Strictly speaking, if we were to go by Umno’s oft-repeated “social contract” at Independence in 1957, that “social contract” certainly does not include Clause 8A of Article 153.

And if we scrutinise this clause more closely, we will see that it is definitely not a carte blanche for the blatant racial discrimination as is the case of enrolment at institutions such as UiTM.

At the 2004 Umno general assembly, you may recall then Higher Education Minister Shafie Salleh declaring:

“I will not compromise on this matter…there will not be a single non-bumiputera allowed to enroll!”

So, if any aggrieved party took the government to court for its enrolment policy at UiTM or any other MARA institutions, how do you think any judge would interpret clause 8A of Article 153, ie. “…to give such directions to the authority as may be required to ensure the reservation of such proportion of such places (my emphasis) for Malays and natives of any of the States of Sabah and Sarawak as the yang di-Pertuan Agong may deem reasonable…”
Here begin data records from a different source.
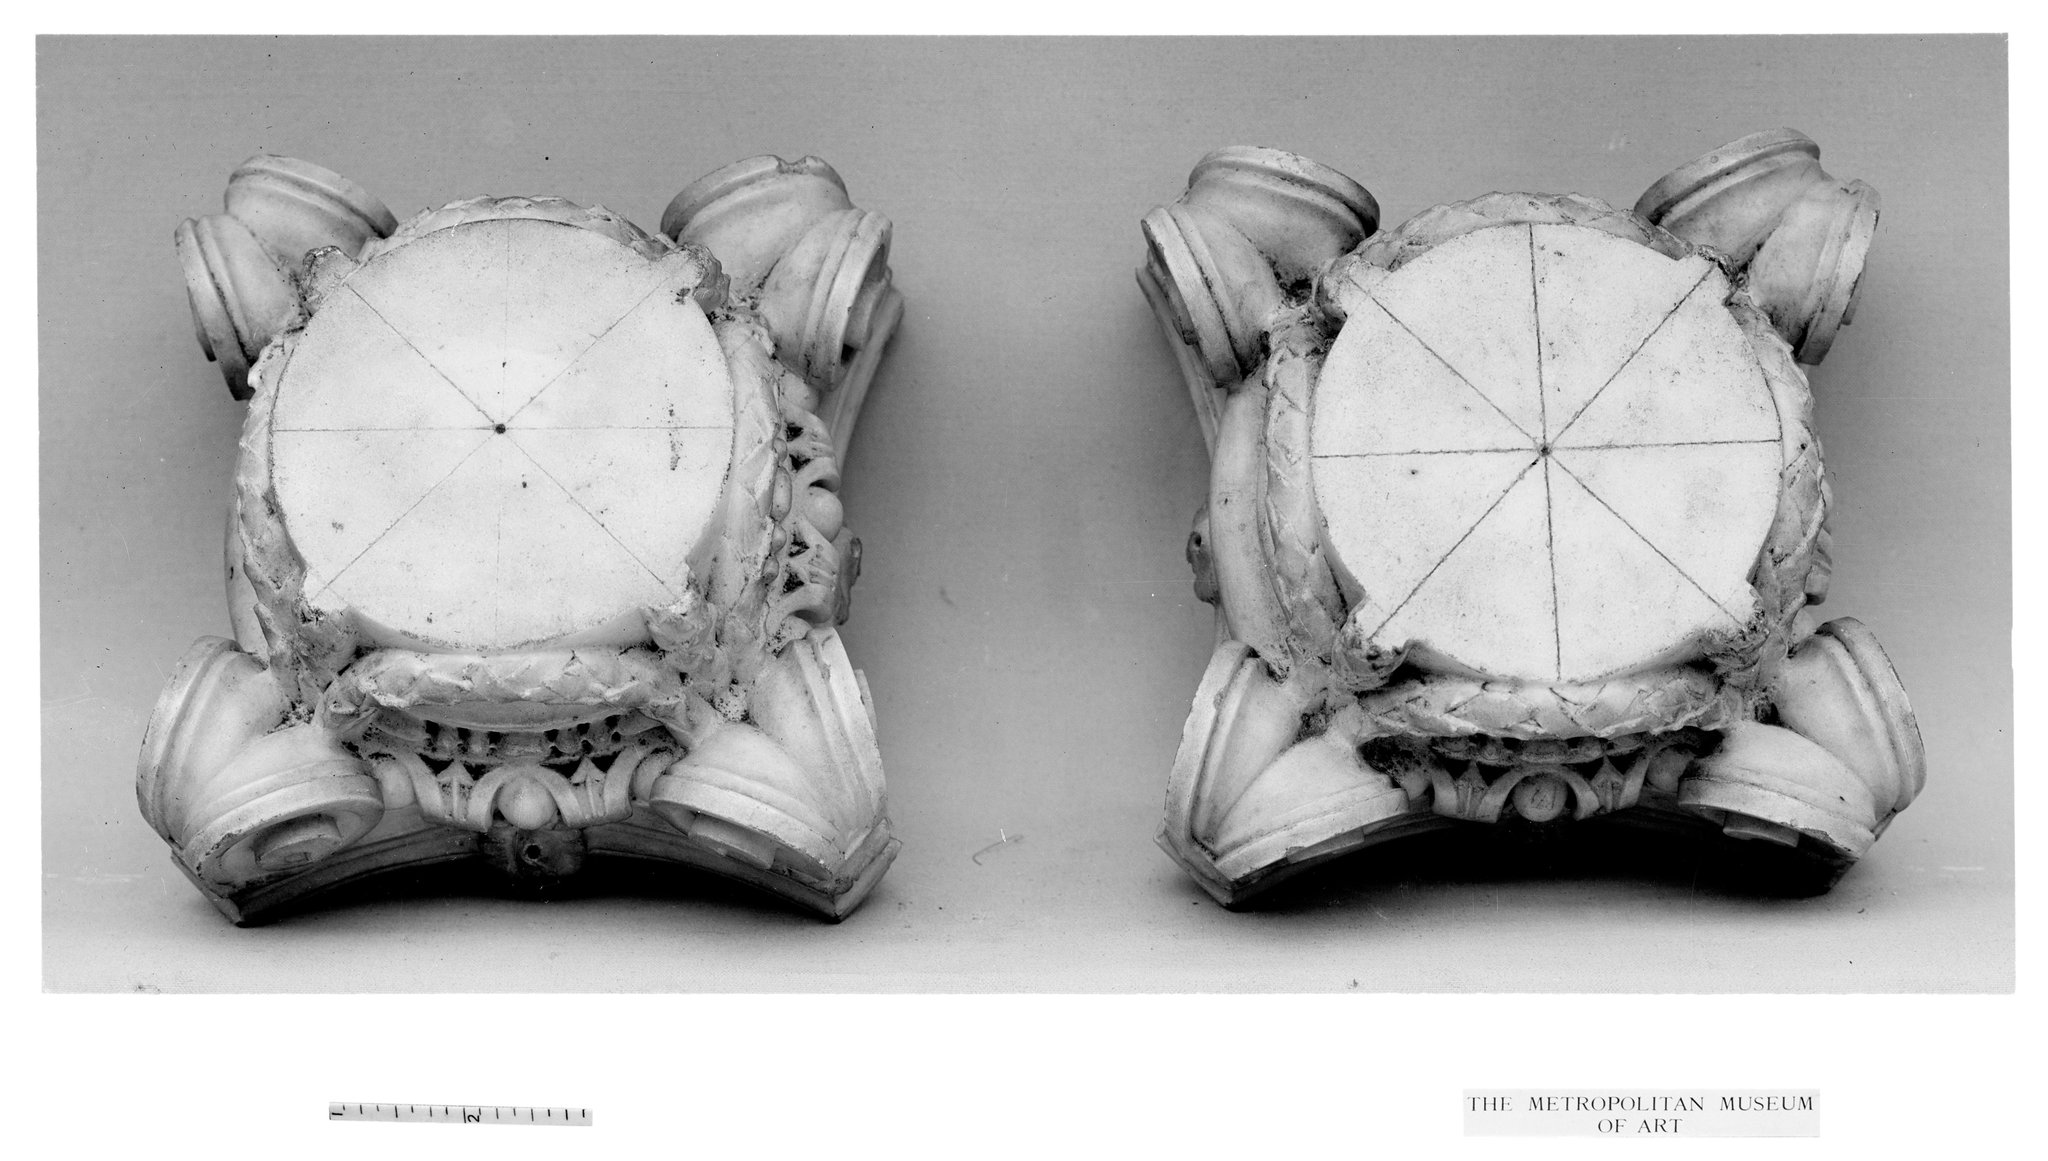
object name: capital
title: Capital (one of a pair)
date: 1701-1800
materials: marble

The 100 per cent bumiputera enrolment policy at UiTM makes a mockery of the quota system and the justification of any affirmative action in any country!

Principles and purpose of ‘affirmative’ action

Compared to the affirmative action policies elsewhere, for example the United States, we find some glaring inconsistencies in this country:

Principle 1: Affirmative action in the US was implemented to rectify the glaring discrimination experienced by historically marginalised groups such as the black minority in the US; In contrast, affirmative action in Malaysia is driven by the politically dominant and majority Malay elite and directed at the Malay community as a whole, as the beneficiary group, regardless of wealth and position.

Principle 2: Any preferential treatment for any group should be followed by specific goals, quotas and sunset clauses as is the case in the US rather than the “Never Ending Policy” of the NEP in Malaysia;

Principle 3: Affirmative action policies in the US are fundamentally not “special rights” as they are portrayed in Malaysia but rather, policy adjustments to rectify social inequality with a time limitation once the objectives have been reached;

Principle 4: The definition of the main target group in Malaysia, namely, “the Malays” is imprecise and allows confusion when any Muslim who is not ethnically Malay can claim to be a beneficiary;

Principle 5: In the US, affirmative action is extended into all discriminated groups, for example, women, Hispanics and other minority groups; whereas in Malaysia, only the “bumiputeras” (the “princes of the soil”) are included, while the poorest and most marginalized group, arguably the original people of this land, the Orang Asli, have been excluded from this policy.